En route vers nulle part, j’avais besoin de m’évader, de redécouvrir des paysages anonymes. J’ai roulé jusqu’à l’épuisement, dès que je m’arrêtais, il me fallait repartir. Aucuns lieux ne m’apaisaient, bien au contraire. Mon passé devenait mon avenir, cette réalité me paniquait. Je ne voulais surtout pas revivre ce qui m’avait conduit à en être là, aujourd’hui. J’allais souffrir, et peut-être devoir payer la somme de toutes mes erreurs. Je ne m’y étais pas préparé, je n’en voulais pas.

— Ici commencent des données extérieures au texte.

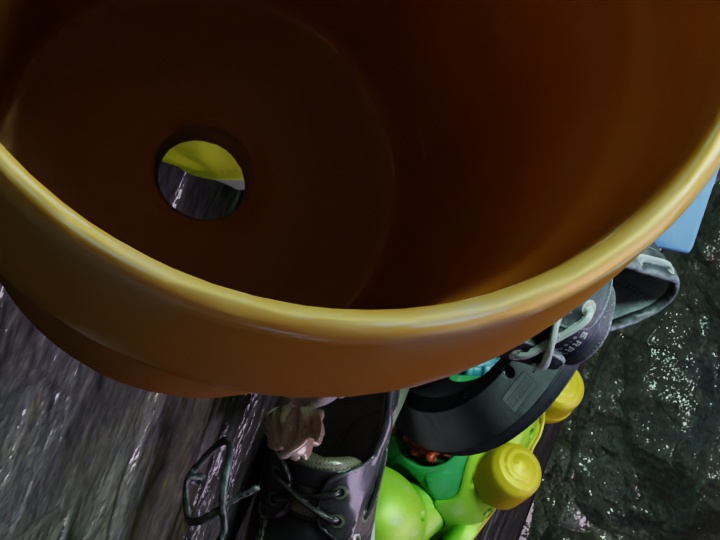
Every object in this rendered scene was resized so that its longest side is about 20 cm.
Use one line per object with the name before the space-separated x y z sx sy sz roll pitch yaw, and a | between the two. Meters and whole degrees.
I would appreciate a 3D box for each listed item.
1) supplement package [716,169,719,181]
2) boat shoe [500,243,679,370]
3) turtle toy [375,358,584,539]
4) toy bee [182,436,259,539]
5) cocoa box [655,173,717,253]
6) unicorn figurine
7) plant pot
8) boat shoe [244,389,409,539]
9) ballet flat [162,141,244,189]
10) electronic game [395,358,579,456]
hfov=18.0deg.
supplement package | 0.157 -0.116 1.305 0.118 0.117 0.200 -64 -164 -22
boat shoe | 0.074 0.009 0.950 0.072 0.068 0.200 -46 162 26
turtle toy | 0.050 0.121 1.473 0.146 0.101 0.200 -44 -169 52
toy bee | -0.060 0.193 0.985 0.200 0.109 0.131 -55 -157 20
cocoa box | 0.108 -0.130 1.065 0.131 0.133 0.200 -111 -147 -62
unicorn figurine | 0.000 0.000 1.102 0.200 0.074 0.137 -52 176 -10
plant pot | -0.025 -0.053 0.561 0.201 0.200 0.183 -64 -176 -23
boat shoe | -0.020 0.103 1.186 0.065 0.072 0.201 51 57 -72
ballet flat | 0.008 -0.048 0.708 0.067 0.199 0.067 -136 -144 -64
electronic game | 0.069 0.002 1.227 0.200 0.042 0.201 -33 -133 45
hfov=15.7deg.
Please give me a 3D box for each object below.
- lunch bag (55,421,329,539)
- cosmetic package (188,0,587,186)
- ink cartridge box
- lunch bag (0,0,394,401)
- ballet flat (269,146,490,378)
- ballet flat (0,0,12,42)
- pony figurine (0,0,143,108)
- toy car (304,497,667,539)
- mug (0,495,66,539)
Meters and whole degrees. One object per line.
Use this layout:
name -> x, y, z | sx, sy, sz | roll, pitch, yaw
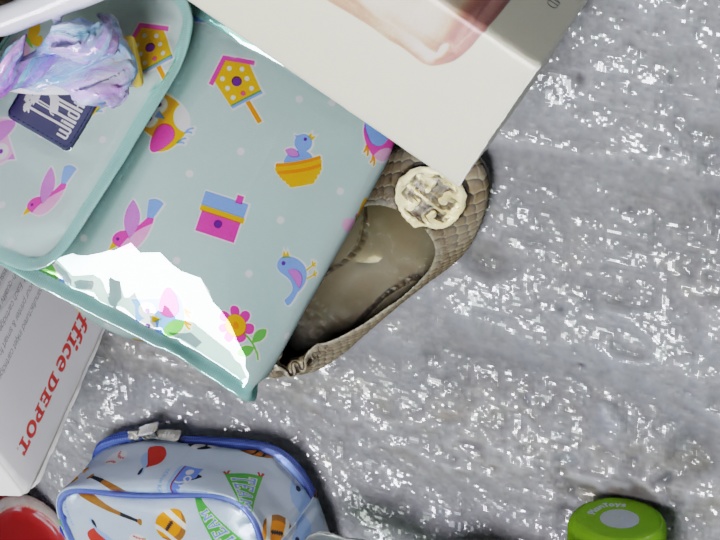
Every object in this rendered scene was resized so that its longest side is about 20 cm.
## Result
lunch bag -> -0.091, 0.181, 1.542 | 0.160, 0.076, 0.200 | 0, 123, 29
cosmetic package -> 0.001, -0.146, 1.246 | 0.200, 0.103, 0.087 | 34, 129, 0
ink cartridge box -> -0.233, 0.009, 1.412 | 0.084, 0.146, 0.200 | -3, 137, 29
lunch bag -> -0.102, -0.055, 1.301 | 0.200, 0.122, 0.170 | 30, 92, -5
ballet flat -> 0.000, 0.000, 1.384 | 0.067, 0.046, 0.200 | 42, 131, -6
ballet flat -> -0.153, -0.094, 1.386 | 0.200, 0.046, 0.067 | 40, 130, -3
pony figurine -> -0.208, -0.108, 1.216 | 0.200, 0.167, 0.193 | -11, 83, -2
toy car -> 0.056, 0.209, 1.434 | 0.200, 0.158, 0.164 | 12, 116, 23
mug -> -0.291, 0.195, 1.617 | 0.200, 0.133, 0.178 | -15, 116, 30
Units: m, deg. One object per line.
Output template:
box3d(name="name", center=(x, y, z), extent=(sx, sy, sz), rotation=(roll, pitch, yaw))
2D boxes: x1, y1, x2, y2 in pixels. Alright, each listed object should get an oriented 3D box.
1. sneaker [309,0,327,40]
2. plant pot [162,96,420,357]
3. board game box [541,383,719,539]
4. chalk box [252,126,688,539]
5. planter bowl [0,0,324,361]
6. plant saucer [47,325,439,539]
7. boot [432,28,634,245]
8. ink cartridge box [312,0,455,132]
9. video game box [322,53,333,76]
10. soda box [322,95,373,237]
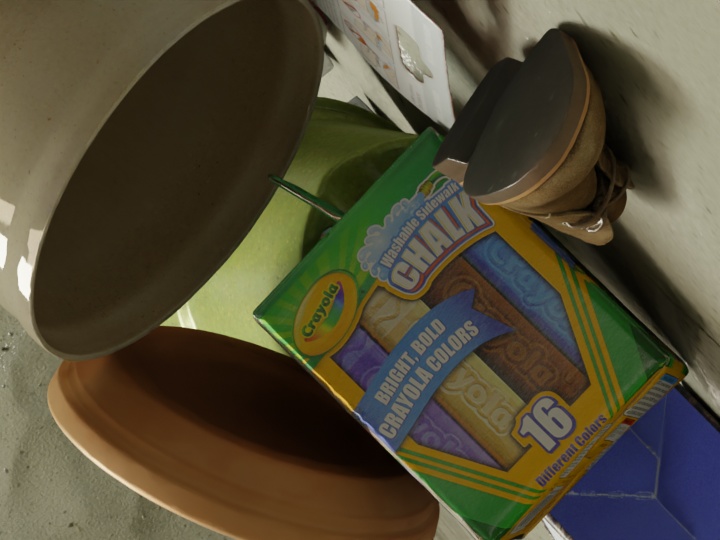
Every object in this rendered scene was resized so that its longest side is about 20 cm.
box3d(name="sneaker", center=(-0.085, -0.121, 1.604), extent=(0.081, 0.075, 0.200), rotation=(8, -176, 26))
box3d(name="plant pot", center=(0.000, 0.000, 1.557), extent=(0.200, 0.200, 0.184), rotation=(53, 164, -12))
box3d(name="board game box", center=(0.191, 0.178, 1.486), extent=(0.159, 0.097, 0.200), rotation=(48, 174, 36))
box3d(name="chalk box", center=(0.040, 0.017, 1.380), extent=(0.200, 0.124, 0.124), rotation=(46, -174, 9))
box3d(name="planter bowl", center=(-0.131, -0.078, 1.362), extent=(0.135, 0.200, 0.200), rotation=(36, 169, 21))
box3d(name="plant saucer", center=(-0.051, 0.077, 1.411), extent=(0.200, 0.037, 0.200), rotation=(21, -164, -6))
box3d(name="boot", center=(0.082, -0.046, 1.166), extent=(0.075, 0.074, 0.200), rotation=(33, 180, -5))
box3d(name="ink cartridge box", center=(-0.015, -0.161, 1.287), extent=(0.200, 0.047, 0.160), rotation=(46, 173, 13))
box3d(name="video game box", center=(-0.111, -0.203, 1.783), extent=(0.200, 0.047, 0.182), rotation=(54, 176, -20))
box3d(name="soda box", center=(-0.052, -0.010, 1.727), extent=(0.068, 0.200, 0.064), rotation=(48, 174, 42))
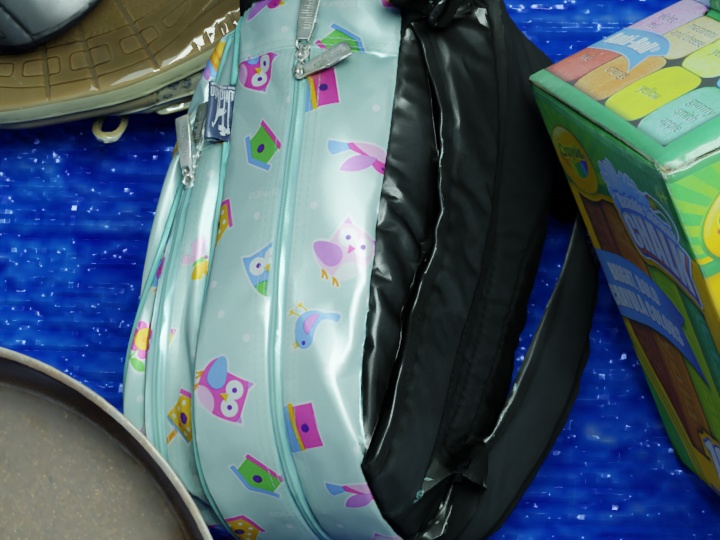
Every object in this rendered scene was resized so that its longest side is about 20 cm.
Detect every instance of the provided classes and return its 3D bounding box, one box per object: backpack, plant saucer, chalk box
[{"bbox_3d":[0.000,0.000,0.857,0.126,0.167,0.201,-2,66,31],"label":"backpack"},{"bbox_3d":[-0.128,0.118,0.831,0.199,0.034,0.201,3,101,18],"label":"plant saucer"},{"bbox_3d":[0.142,-0.028,0.806,0.124,0.125,0.201,-27,111,-6],"label":"chalk box"}]

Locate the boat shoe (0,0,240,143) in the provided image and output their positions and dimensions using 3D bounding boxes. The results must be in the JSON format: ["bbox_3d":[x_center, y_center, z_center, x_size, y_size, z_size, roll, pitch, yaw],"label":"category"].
[{"bbox_3d":[-0.059,-0.091,0.941,0.199,0.063,0.074,-16,59,3],"label":"boat shoe"}]

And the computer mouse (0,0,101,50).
[{"bbox_3d":[-0.184,-0.127,0.944,0.140,0.046,0.200,-40,46,-10],"label":"computer mouse"}]

Il leva sur moi un regard chargé de compassion. J’eus la désagréable impression qu’il inspectait mon âme, je me sentais rougir comme un écolier pris en flagrant délit de triche. Seul, le balancier de la vieille comtoise nous raccrochait à la réalité. Le temps n’avait subitement plus aucune importance. Je me sentais apaisé, presque en paix avec moi-même.
« Après les semailles viennent les récoltes » Avais-je lu dans un ouvrage pieu. J’avais annoté cette phrase d’un simple point d’interrogation. Quelles pouvaient-être ces graines sinon un espoir, ou un noble désir ?
Moi, j’avais planté de l’amour et je voulais en goûter le fruit.
Qu’importe s’il y a des riches et des pauvres car rien n’appartient vraiment à personne. Rien de ce qui est matériel n’est éternel. Au jour dernier, ton âme s’élèvera pour rejoindre une communauté d’âmes. Tu seras l’autre et l’autre sera toi.
L’oubli n’est pas une réponse, l’oubli est la solution des faibles d’esprit.